**Problem requirements:** Of the lines in the data below, write out exactly those from the one holding "Horizontal angle of view: 60.0°." through the one holding "1. car (0,226,93,383)", both included.

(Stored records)
= = = = =
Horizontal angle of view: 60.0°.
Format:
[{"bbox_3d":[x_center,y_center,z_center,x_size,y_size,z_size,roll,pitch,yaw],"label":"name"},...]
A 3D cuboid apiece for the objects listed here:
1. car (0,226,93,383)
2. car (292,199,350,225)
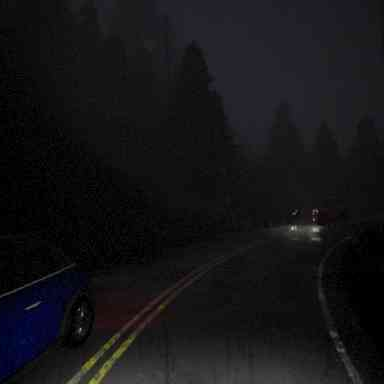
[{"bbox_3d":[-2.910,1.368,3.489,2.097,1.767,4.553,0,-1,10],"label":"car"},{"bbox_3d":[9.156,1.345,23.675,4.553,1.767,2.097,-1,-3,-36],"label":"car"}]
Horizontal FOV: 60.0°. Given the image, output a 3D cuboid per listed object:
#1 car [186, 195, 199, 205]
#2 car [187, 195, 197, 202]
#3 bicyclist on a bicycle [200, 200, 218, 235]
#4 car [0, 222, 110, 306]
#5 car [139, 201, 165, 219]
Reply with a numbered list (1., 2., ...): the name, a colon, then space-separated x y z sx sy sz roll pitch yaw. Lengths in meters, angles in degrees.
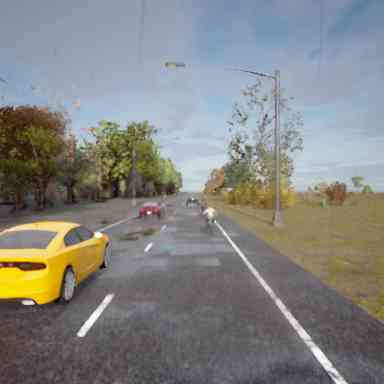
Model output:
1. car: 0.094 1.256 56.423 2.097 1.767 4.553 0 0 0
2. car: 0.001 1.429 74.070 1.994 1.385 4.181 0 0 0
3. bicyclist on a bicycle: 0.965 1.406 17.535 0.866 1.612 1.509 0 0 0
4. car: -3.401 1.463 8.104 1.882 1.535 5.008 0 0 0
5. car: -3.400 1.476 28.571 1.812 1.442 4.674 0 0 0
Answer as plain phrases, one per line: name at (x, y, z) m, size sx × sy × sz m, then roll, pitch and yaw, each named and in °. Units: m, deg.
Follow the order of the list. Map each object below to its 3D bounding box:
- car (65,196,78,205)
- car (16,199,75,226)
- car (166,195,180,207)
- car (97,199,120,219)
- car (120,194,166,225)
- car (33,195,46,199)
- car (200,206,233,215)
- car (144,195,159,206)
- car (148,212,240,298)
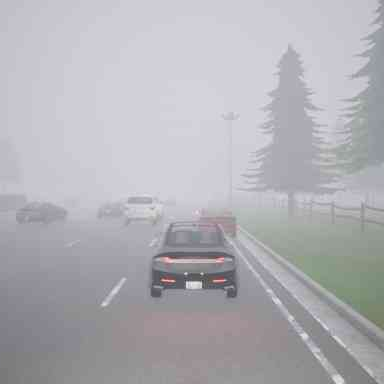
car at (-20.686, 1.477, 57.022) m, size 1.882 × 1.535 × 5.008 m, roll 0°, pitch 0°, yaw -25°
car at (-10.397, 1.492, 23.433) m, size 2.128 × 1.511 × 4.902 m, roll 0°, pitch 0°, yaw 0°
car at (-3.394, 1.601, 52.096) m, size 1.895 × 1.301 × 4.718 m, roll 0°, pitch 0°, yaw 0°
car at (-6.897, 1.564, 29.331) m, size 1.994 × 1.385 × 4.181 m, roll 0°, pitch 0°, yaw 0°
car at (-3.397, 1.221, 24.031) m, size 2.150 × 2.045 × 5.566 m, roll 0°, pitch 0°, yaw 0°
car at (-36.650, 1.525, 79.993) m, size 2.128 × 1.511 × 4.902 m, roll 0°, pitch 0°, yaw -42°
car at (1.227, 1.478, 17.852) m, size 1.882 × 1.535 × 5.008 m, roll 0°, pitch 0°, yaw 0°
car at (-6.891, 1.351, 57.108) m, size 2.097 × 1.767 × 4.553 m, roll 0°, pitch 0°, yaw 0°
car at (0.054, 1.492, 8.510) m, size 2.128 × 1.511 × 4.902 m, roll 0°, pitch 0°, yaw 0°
= = = = =
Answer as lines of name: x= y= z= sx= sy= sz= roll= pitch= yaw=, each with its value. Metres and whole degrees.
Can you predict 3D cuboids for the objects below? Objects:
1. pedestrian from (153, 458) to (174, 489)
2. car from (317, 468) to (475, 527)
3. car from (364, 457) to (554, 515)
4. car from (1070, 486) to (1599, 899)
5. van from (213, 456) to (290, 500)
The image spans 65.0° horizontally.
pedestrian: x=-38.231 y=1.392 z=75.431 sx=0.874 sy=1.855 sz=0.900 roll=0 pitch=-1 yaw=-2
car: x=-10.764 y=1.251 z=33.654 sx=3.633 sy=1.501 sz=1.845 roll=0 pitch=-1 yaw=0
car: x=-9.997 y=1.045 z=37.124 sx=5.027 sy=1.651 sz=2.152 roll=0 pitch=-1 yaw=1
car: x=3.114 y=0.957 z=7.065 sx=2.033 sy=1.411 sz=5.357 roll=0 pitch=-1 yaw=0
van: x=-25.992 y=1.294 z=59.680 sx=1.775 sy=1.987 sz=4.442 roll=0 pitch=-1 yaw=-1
= = = = =
**Answer to the exercise:**
Horizontal angle of view: 60.0°.
Format:
[{"bbox_3d":[x_center,y_center,z_center,x_size,y_size,z_size,roll,pitch,yaw],"label":"name"},...]
A 3D cuboid apiece for the objects listed here:
1. car (0,226,93,383)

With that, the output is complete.